'Mami' de Mario Banushi explora sin palabras la relación entre madres e hijos
- La última obra del joven director grecoalbanés llega a Madrid
- Mami puede verse en los Teatros del Canal este 24 y 25 de abril
"Mi madre me trajo al mundo
junto con miles de otros niños.
Era partera. 'Mami', un himno
para todas las mujeres que nos criaron".
El niño prodigio del teatro griego, Mario Banushi, bebe de la fuente de la vida en Mami, su nueva propuesta escénica sin palabras, cuyo estreno en la Comunidad de Madrid acogen los Teatros del Canal.
Nacido en 1998, Banushi pasó su infancia en Albania, y ya ha recorrido el mundo con sus obras de Taipéi a Nueva York. Debutó en la pandemia con Ragada. El Teatro Nacional de Atenas acogió Goodbye, Lindita y Taverna Miresia – Mario, Bella, Anastasia participó en el Festival de Epidauro en 2023.
Con apenas 28 años, la cumbre de su meteórica carrera teatral es el León de Plata de la Bienal de Venecia, que dirige el veterano actor estadounidense Willem Dafoe, y que recibirá en una ceremonia oficial el próximo mes de junio.
Escena de la obra 'Mami'. @Pinelopi Gerasimou
Con un lenguaje escénico propio, la música, el movimiento, las imágenes y las emociones se suceden en una pieza sin texto, un poema visual que escapa a las clasificaciones habituales de teatro, danza o performace.
En sus obras anteriores exploraba el duelo y en Mami se acerca a las aristas de la maternidad desde el cuidado a la posesión, el amor asfixiante o la violencia, en un montaje que ya se pudo ver en el pasado verano en el Grec de Barcelona.
En la mitología personal de Banushi, las palabras casi homónimas “mami” y “mam” se vuelven idénticas. Mami, como madre. Mam, como alimento. Alguien se arranca el corazón y se lo ofrece al otro como una hogaza de pan caliente.
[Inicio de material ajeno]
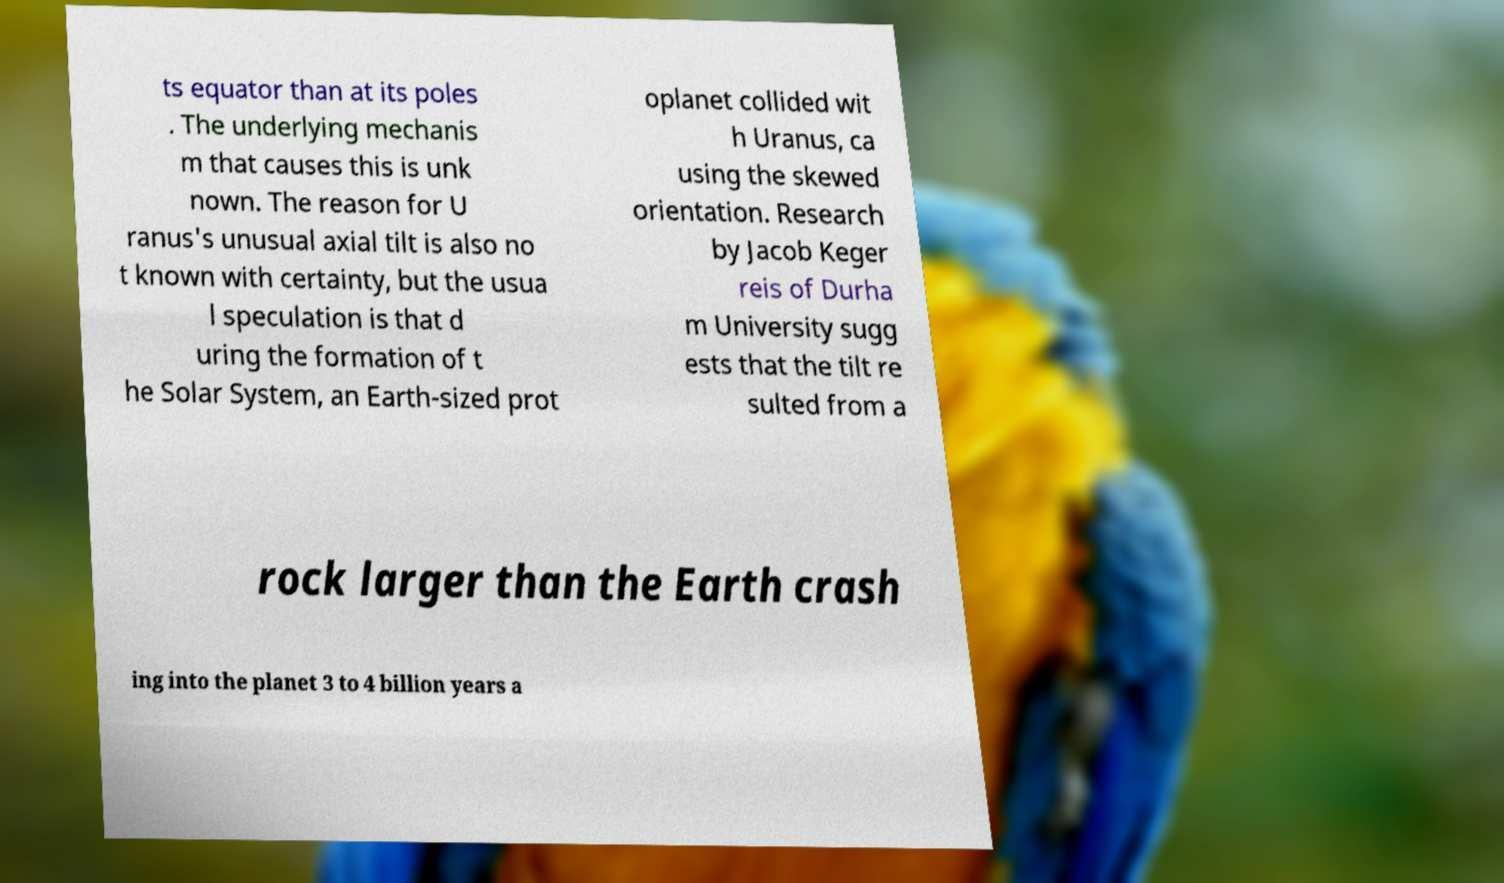What messages or text are displayed in this image? I need them in a readable, typed format. ts equator than at its poles . The underlying mechanis m that causes this is unk nown. The reason for U ranus's unusual axial tilt is also no t known with certainty, but the usua l speculation is that d uring the formation of t he Solar System, an Earth-sized prot oplanet collided wit h Uranus, ca using the skewed orientation. Research by Jacob Keger reis of Durha m University sugg ests that the tilt re sulted from a rock larger than the Earth crash ing into the planet 3 to 4 billion years a

Escena de 'Mami'. @Pinelopi Gerasimou
“Siempre he dicho que el nacimiento es amor al revés”, confiesa el joven dramaturgo, que fue confiado al cuidado de su abuela albanesa de pequeño, mientras su madre trabajaba en Grecia.
Banushi parte de sus experiencias personales, para enamorarse de su madre, para exorcizar y celelebrar la relación madre-hijo en un santuario profano lleno de votos y maldiciones. El escenario se convierte en un paisaje de recuerdos inquietante y familiar.
Los intérpretes, inmersos en el silencio o arropados por la música, crean momentos conmovedores y nos instan a reconocer y confrontar nuestras propias relaciones y el legado emocional que llevamos dentro en una experiencia sensorial.
Imagen de 'Mami' de Mario Banushi. ©Andreas Simopoulos
Madres y abuelas
“Cuando tenía alrededor de un año, mi madre tuvo que dejarme con mi abuela en Albania e irse. Hasta los trece, la llamé mami. Cuando mi madre me llevó con ella a Atenas, crecí en el apartamento encima de la panadería donde trabajaba, con el aroma del pan recién horneado", señala el creador.
Añade: "Crecí rodeado de mujeres jóvenes y ancianas. Crecí con más de una madre. Este espectáculo es para ellas: un deseo, una plegaria al peso que la palabra mamá tiene tanto para quien la escucha como para quien la pronuncia. Quién cuida de quién: nunca entendí esta compleja relación. Y nunca lo haré. Pero intento desentrañarla como un cordón umbilical, como las vísceras que conectan la vida con sus raíces”.
Un momento de la obra de Mario Banushi. ©Andreas Simopoulos
Mami, el homenaje de Banushi a las mujeres que se consagran a la crianza, puede verse este 24 y 25 de abril en la Sala Roja Concha Velasco de los Teatros del Canal.